Source records -
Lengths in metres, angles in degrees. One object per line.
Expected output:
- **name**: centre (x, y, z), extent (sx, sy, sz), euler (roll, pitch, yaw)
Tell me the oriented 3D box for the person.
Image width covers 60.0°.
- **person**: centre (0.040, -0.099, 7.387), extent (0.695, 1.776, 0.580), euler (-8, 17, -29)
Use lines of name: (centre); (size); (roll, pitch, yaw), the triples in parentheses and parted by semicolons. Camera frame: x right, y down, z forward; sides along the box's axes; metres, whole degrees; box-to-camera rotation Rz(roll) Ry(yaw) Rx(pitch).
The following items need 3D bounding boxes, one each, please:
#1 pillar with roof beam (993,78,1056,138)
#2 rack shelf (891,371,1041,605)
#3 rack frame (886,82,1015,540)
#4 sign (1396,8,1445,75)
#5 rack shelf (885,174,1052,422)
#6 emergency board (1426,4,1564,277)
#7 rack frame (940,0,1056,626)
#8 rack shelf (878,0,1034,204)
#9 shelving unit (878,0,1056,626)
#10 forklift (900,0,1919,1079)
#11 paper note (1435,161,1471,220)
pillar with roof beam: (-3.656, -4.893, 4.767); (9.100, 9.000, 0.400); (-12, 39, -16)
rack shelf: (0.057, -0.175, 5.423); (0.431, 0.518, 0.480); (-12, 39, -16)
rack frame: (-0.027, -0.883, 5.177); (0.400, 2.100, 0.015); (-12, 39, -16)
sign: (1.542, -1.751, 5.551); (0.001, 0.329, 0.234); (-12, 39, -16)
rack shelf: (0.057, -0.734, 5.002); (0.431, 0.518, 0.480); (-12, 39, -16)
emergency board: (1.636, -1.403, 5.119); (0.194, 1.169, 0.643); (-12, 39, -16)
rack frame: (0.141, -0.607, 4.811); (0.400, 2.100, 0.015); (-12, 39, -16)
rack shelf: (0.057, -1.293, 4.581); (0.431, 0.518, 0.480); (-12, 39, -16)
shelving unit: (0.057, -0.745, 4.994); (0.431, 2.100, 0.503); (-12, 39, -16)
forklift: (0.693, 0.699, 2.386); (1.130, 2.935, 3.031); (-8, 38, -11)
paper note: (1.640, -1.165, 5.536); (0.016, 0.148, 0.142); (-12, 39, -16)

* * *

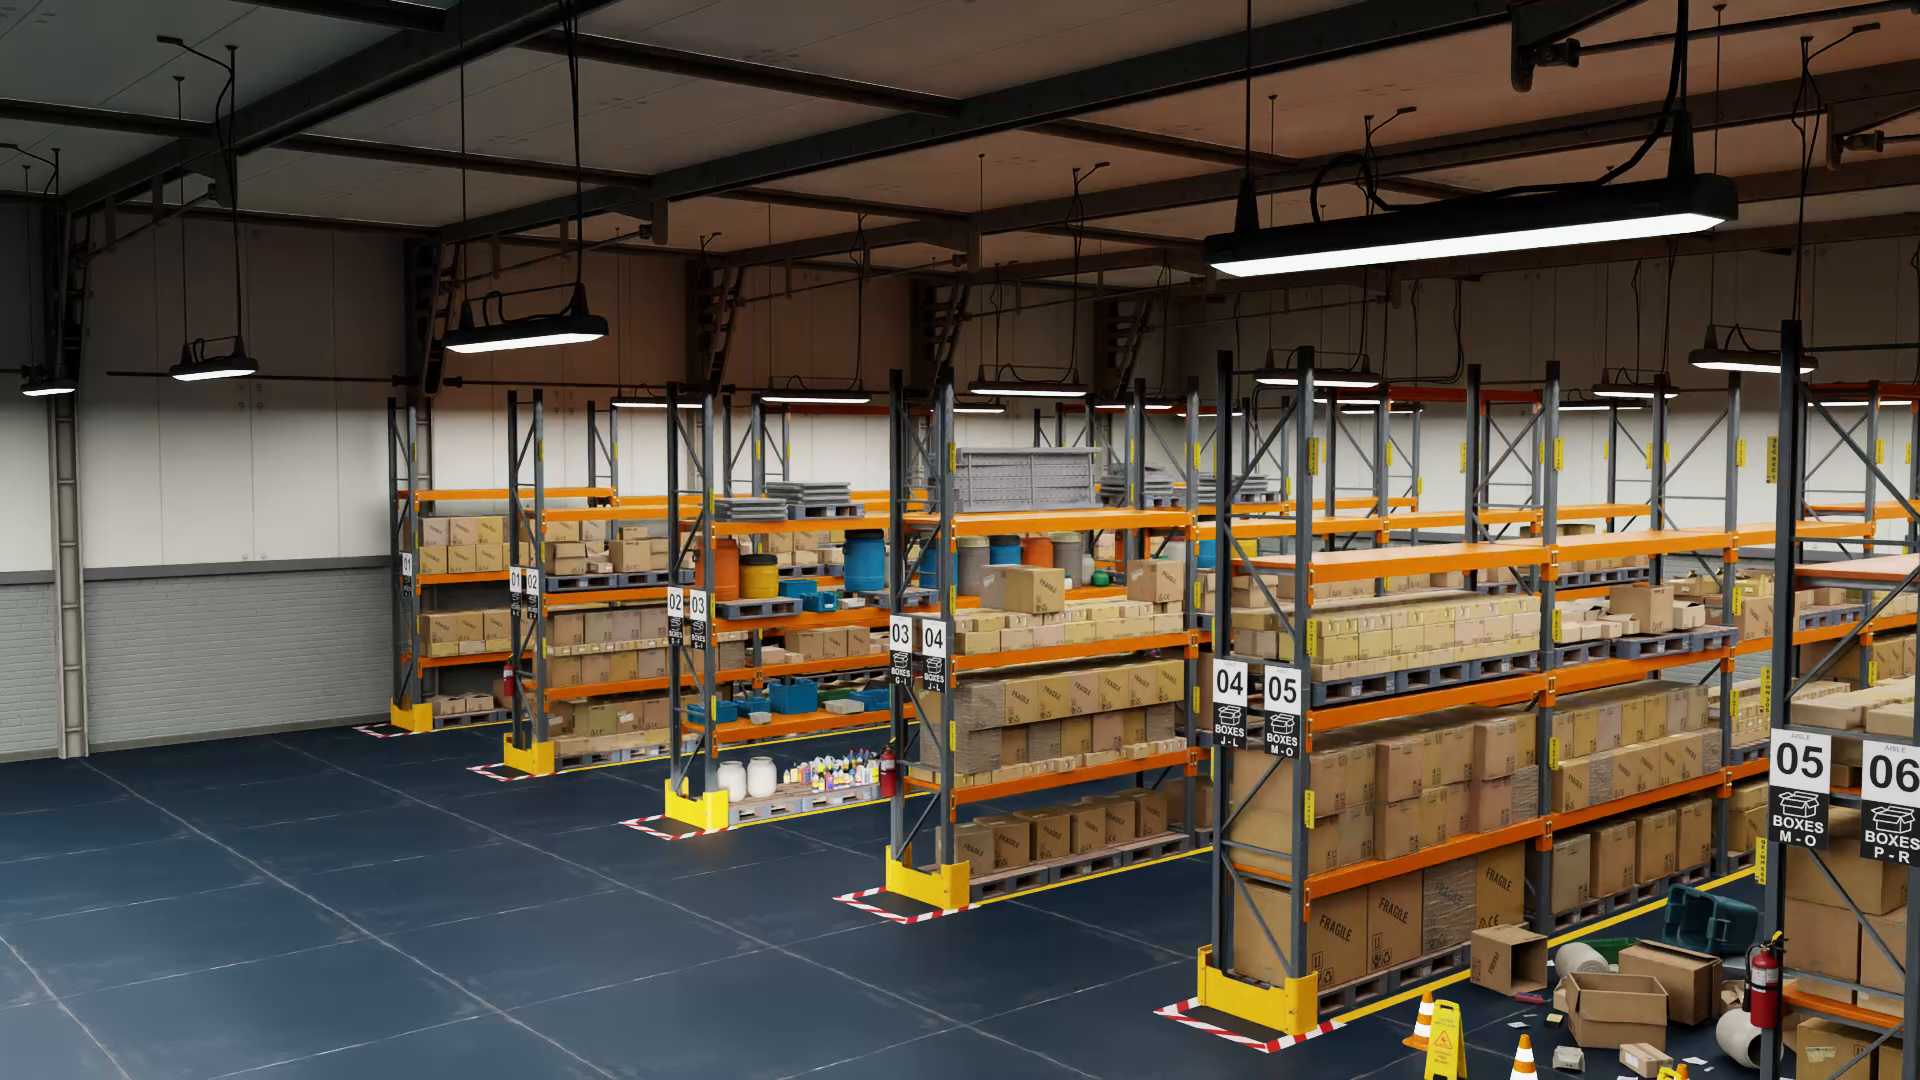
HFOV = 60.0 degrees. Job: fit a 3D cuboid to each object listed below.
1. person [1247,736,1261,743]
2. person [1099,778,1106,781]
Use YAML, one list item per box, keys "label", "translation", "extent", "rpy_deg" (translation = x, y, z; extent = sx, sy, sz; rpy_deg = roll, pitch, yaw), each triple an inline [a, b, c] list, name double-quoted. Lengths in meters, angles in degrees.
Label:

* * *

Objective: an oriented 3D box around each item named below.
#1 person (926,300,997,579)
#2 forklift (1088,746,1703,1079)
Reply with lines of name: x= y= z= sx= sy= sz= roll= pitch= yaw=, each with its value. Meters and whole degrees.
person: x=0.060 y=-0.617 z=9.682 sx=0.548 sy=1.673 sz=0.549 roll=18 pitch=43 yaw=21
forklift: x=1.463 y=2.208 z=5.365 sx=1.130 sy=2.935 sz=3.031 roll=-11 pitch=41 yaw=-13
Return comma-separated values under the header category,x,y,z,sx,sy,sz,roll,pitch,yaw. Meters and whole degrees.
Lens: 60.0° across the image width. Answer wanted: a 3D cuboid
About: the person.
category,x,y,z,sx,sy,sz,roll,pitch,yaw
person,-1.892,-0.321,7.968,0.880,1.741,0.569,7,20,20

Task requirements -
Provide a count of the lines in the data above that include the word "oriented", stating the number alone.

Exercise output -
2